Van Rompuy will soon become the president of regular eurozone summits (having been anointed by Berlin and Paris back in August) and hierarchical superior to Jean-Claude Juncker, head of the Eurogroup (the eurozone finance ministers). Paris and Berlin want the Eurogroup to have its own group of permanent advisers and a secretariat.

“The Commission is and should remain the EU’s economic government,” Mr Barroso stressed recently. He is afraid that the new institutions affiliated with the Eurogroup will start stealing the Commission’s prerogatives and shift key decision-making processes beyond institutions provided for by EU treaties.

Paris is happy, however, because it will have more say within a smaller group of eurozone countries – without Britain and many of the Central European countries, which are closer to Berlin on economic matters today.

The eurozone reform to be officially outlined in the days to come will surely enhance the single currency’s ability to weather financial crises, but will deepen the European Union’s division into an inner core (the eurozone) and the rest, including Poland. But the galloping crisis means that one can hardly even protest against this.


Some Europeans are more equal than others

“Sovereignty is a cool thing, but the smallest shareholder of the entire community cannot block the EU’s actions. Unless it’s a big shareholder: Britain, France or Germany. Then the veto is OK." So opens an ironic commentary from aDziennik Gazeta Prawna columnist after European Commission president José Manuel Barroso denounced as “unacceptable” the Slovak Parliament's initial rejection of the bailout plan for heavily indebted eurozone countries.

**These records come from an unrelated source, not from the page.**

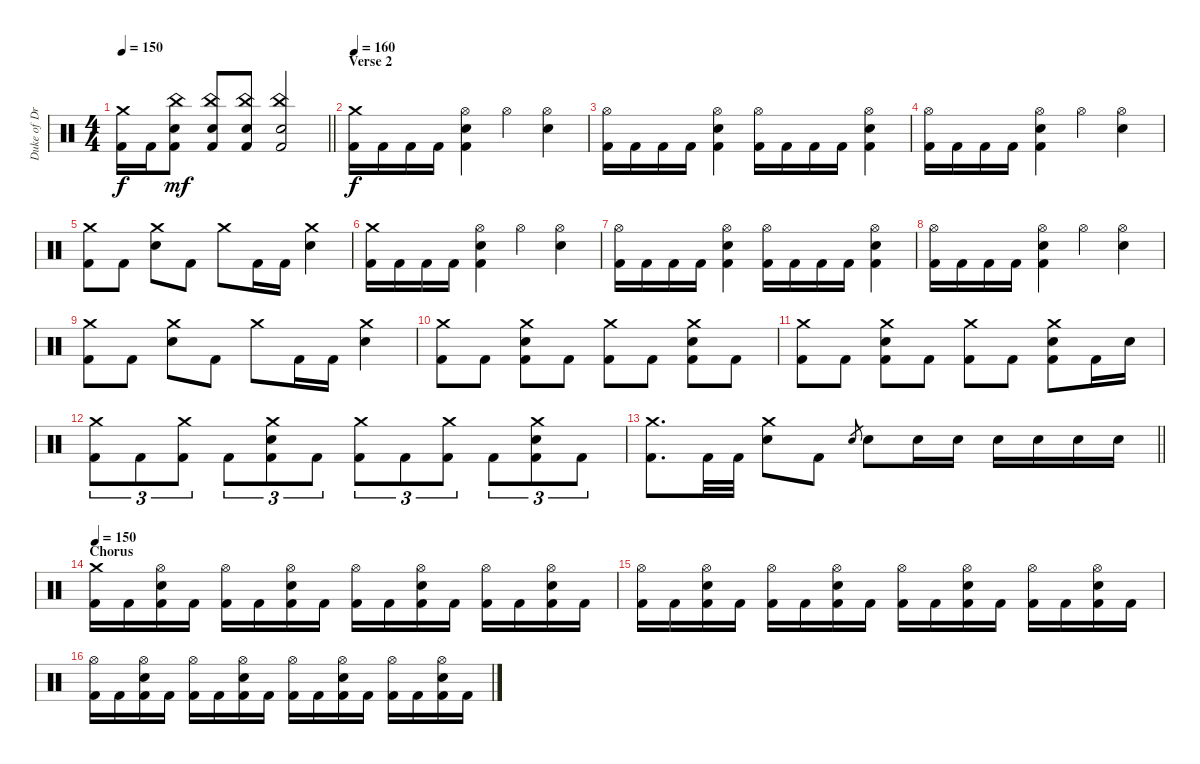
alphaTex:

\track ("Duke of Drumington" "Duke of Dr") {instrument percussion}
\staff {score}
\articulation defaults
\ts (4 4)
\tempo 150
\clef neutral
\barLineRight lightlight
\ks c
("Crash medium (hit)" "Kick (hit) 2").16{dy f} "Kick (hit) 2".16 ("China (hit)" "Electric Snare (hit)" "Kick (hit) 2").8{dy mf} ("China (hit)" "Electric Snare (hit)" "Kick (hit) 2").8 ("China (hit)" "Electric Snare (hit)" "Kick (hit) 2").8 ("China (hit)" "Electric Snare (hit)" "Kick (hit) 2").2 |
\section ("" "Verse 2")
\tempo 160
("Crash medium (hit)" "Kick (hit) 2").16{dy f} "Kick (hit) 2".16 "Kick (hit) 2".16 "Kick (hit) 2".16 ("Hi-Hat (open)" "Electric Snare (hit)" "Kick (hit) 2").4 "Hi-Hat (open)".4 ("Hi-Hat (open)" "Electric Snare (hit)").4 |
("Hi-Hat (open)" "Kick (hit) 2").16 "Kick (hit) 2".16 "Kick (hit) 2".16 "Kick (hit) 2".16 ("Hi-Hat (open)" "Electric Snare (hit)" "Kick (hit) 2").4 ("Hi-Hat (open)" "Kick (hit) 2").16 "Kick (hit) 2".16 "Kick (hit) 2".16 "Kick (hit) 2".16 ("Hi-Hat (open)" "Electric Snare (hit)" "Kick (hit) 2").4 |
("Hi-Hat (open)" "Kick (hit) 2").16 "Kick (hit) 2".16 "Kick (hit) 2".16 "Kick (hit) 2".16 ("Hi-Hat (open)" "Electric Snare (hit)" "Kick (hit) 2").4 "Hi-Hat (open)".4 ("Hi-Hat (open)" "Electric Snare (hit)").4 |
("Crash medium (hit)" "Kick (hit) 2").8 "Kick (hit) 2".8 ("Crash medium (hit)" "Electric Snare (hit)").8 "Kick (hit) 2".8 "Crash medium (hit)".8 "Kick (hit) 2".16 "Kick (hit) 2".16 ("Crash medium (hit)" "Electric Snare (hit)").4 |
("Crash medium (hit)" "Kick (hit) 2").16 "Kick (hit) 2".16 "Kick (hit) 2".16 "Kick (hit) 2".16 ("Hi-Hat (open)" "Electric Snare (hit)" "Kick (hit) 2").4 "Hi-Hat (open)".4 ("Hi-Hat (open)" "Electric Snare (hit)").4 |
("Hi-Hat (open)" "Kick (hit) 2").16 "Kick (hit) 2".16 "Kick (hit) 2".16 "Kick (hit) 2".16 ("Hi-Hat (open)" "Electric Snare (hit)" "Kick (hit) 2").4 ("Hi-Hat (open)" "Kick (hit) 2").16 "Kick (hit) 2".16 "Kick (hit) 2".16 "Kick (hit) 2".16 ("Hi-Hat (open)" "Electric Snare (hit)" "Kick (hit) 2").4 |
("Hi-Hat (open)" "Kick (hit) 2").16 "Kick (hit) 2".16 "Kick (hit) 2".16 "Kick (hit) 2".16 ("Hi-Hat (open)" "Electric Snare (hit)" "Kick (hit) 2").4 "Hi-Hat (open)".4 ("Hi-Hat (open)" "Electric Snare (hit)").4 |
("Crash medium (hit)" "Kick (hit) 2").8 "Kick (hit) 2".8 ("Crash medium (hit)" "Electric Snare (hit)").8 "Kick (hit) 2".8 "Crash medium (hit)".8 "Kick (hit) 2".16 "Kick (hit) 2".16 ("Crash medium (hit)" "Electric Snare (hit)").4 |
("Crash medium (hit)" "Kick (hit) 2").8 "Kick (hit) 2".8 ("Crash medium (hit)" "Electric Snare (hit)" "Kick (hit) 2").8 "Kick (hit) 2".8 ("Crash medium (hit)" "Kick (hit) 2").8 "Kick (hit) 2".8 ("Crash medium (hit)" "Electric Snare (hit)" "Kick (hit) 2").8 "Kick (hit) 2".8 |
("Crash medium (hit)" "Kick (hit) 2").8 "Kick (hit) 2".8 ("Crash medium (hit)" "Electric Snare (hit)" "Kick (hit) 2").8 "Kick (hit) 2".8 ("Crash medium (hit)" "Kick (hit) 2").8 "Kick (hit) 2".8 ("Crash medium (hit)" "Electric Snare (hit)" "Kick (hit) 2").8 "Kick (hit) 2".16 "Electric Snare (hit)".16 |
("Crash medium (hit)" "Kick (hit) 2").8{tu (3 2)} "Kick (hit) 2".8{tu (3 2)} ("Crash medium (hit)" "Kick (hit) 2").8{tu (3 2)} "Kick (hit) 2".8{tu (3 2)} ("Crash medium (hit)" "Electric Snare (hit)" "Kick (hit) 2").8{tu (3 2)} "Kick (hit) 2".8{tu (3 2)} ("Crash medium (hit)" "Kick (hit) 2").8{tu (3 2)} "Kick (hit) 2".8{tu (3 2)} ("Crash medium (hit)" "Kick (hit) 2").8{tu (3 2)} "Kick (hit) 2".8{tu (3 2)} ("Crash medium (hit)" "Electric Snare (hit)" "Kick (hit) 2").8{tu (3 2)} "Kick (hit) 2".8{tu (3 2)} |
\barLineRight lightlight
("Crash medium (hit)" "Kick (hit) 2").8{d} "Kick (hit) 2".32 "Kick (hit) 2".32 ("Crash medium (hit)" "Electric Snare (hit)").8 "Kick (hit) 2".8 "Electric Snare (hit)".8{gr} "Electric Snare (hit)".8 "Electric Snare (hit)".16 "Electric Snare (hit)".16 "Electric Snare (hit)".16 "Electric Snare (hit)".16 "Electric Snare (hit)".16 "Electric Snare (hit)".16 |
\section ("" "Chorus")
\tempo 150
("Crash medium (hit)" "Kick (hit) 2").16 "Kick (hit) 2".16 ("Hi-Hat (open)" "Electric Snare (hit)" "Kick (hit) 2").16 "Kick (hit) 2".16 ("Hi-Hat (open)" "Kick (hit) 2").16 "Kick (hit) 2".16 ("Hi-Hat (open)" "Electric Snare (hit)" "Kick (hit) 2").16 "Kick (hit) 2".16 ("Hi-Hat (open)" "Kick (hit) 2").16 "Kick (hit) 2".16 ("Hi-Hat (open)" "Electric Snare (hit)" "Kick (hit) 2").16 "Kick (hit) 2".16 ("Hi-Hat (open)" "Kick (hit) 2").16 "Kick (hit) 2".16 ("Hi-Hat (open)" "Electric Snare (hit)" "Kick (hit) 2").16 "Kick (hit) 2".16 |
("Hi-Hat (open)" "Kick (hit) 2").16 "Kick (hit) 2".16 ("Hi-Hat (open)" "Electric Snare (hit)" "Kick (hit) 2").16 "Kick (hit) 2".16 ("Hi-Hat (open)" "Kick (hit) 2").16 "Kick (hit) 2".16 ("Hi-Hat (open)" "Electric Snare (hit)" "Kick (hit) 2").16 "Kick (hit) 2".16 ("Hi-Hat (open)" "Kick (hit) 2").16 "Kick (hit) 2".16 ("Hi-Hat (open)" "Electric Snare (hit)" "Kick (hit) 2").16 "Kick (hit) 2".16 ("Hi-Hat (open)" "Kick (hit) 2").16 "Kick (hit) 2".16 ("Hi-Hat (open)" "Electric Snare (hit)" "Kick (hit) 2").16 "Kick (hit) 2".16 |
("Hi-Hat (open)" "Kick (hit) 2").16 "Kick (hit) 2".16 ("Hi-Hat (open)" "Electric Snare (hit)" "Kick (hit) 2").16 "Kick (hit) 2".16 ("Hi-Hat (open)" "Kick (hit) 2").16 "Kick (hit) 2".16 ("Hi-Hat (open)" "Electric Snare (hit)" "Kick (hit) 2").16 "Kick (hit) 2".16 ("Hi-Hat (open)" "Kick (hit) 2").16 "Kick (hit) 2".16 ("Hi-Hat (open)" "Electric Snare (hit)" "Kick (hit) 2").16 "Kick (hit) 2".16 ("Hi-Hat (open)" "Kick (hit) 2").16 "Kick (hit) 2".16 ("Hi-Hat (open)" "Electric Snare (hit)" "Kick (hit) 2").16 "Kick (hit) 2".16

The Polish columnist deplores the fact that while Slovakia has been pilloried, no famous European politician has said anything about the "irresponsibility of the UK when it blocked taxes on financial transactions." Nor did anyone scold the French and Dutch for rejecting the EU constitution in referendums. "The Slovaks have the right to also doubt whether the debt crisis should be resolved by incurring further debt. This is not a question of a madman or a populist [...] Jose Barroso and his ilk should accept that regardless of the circumstances, Slovakia has sovereignty and a vote."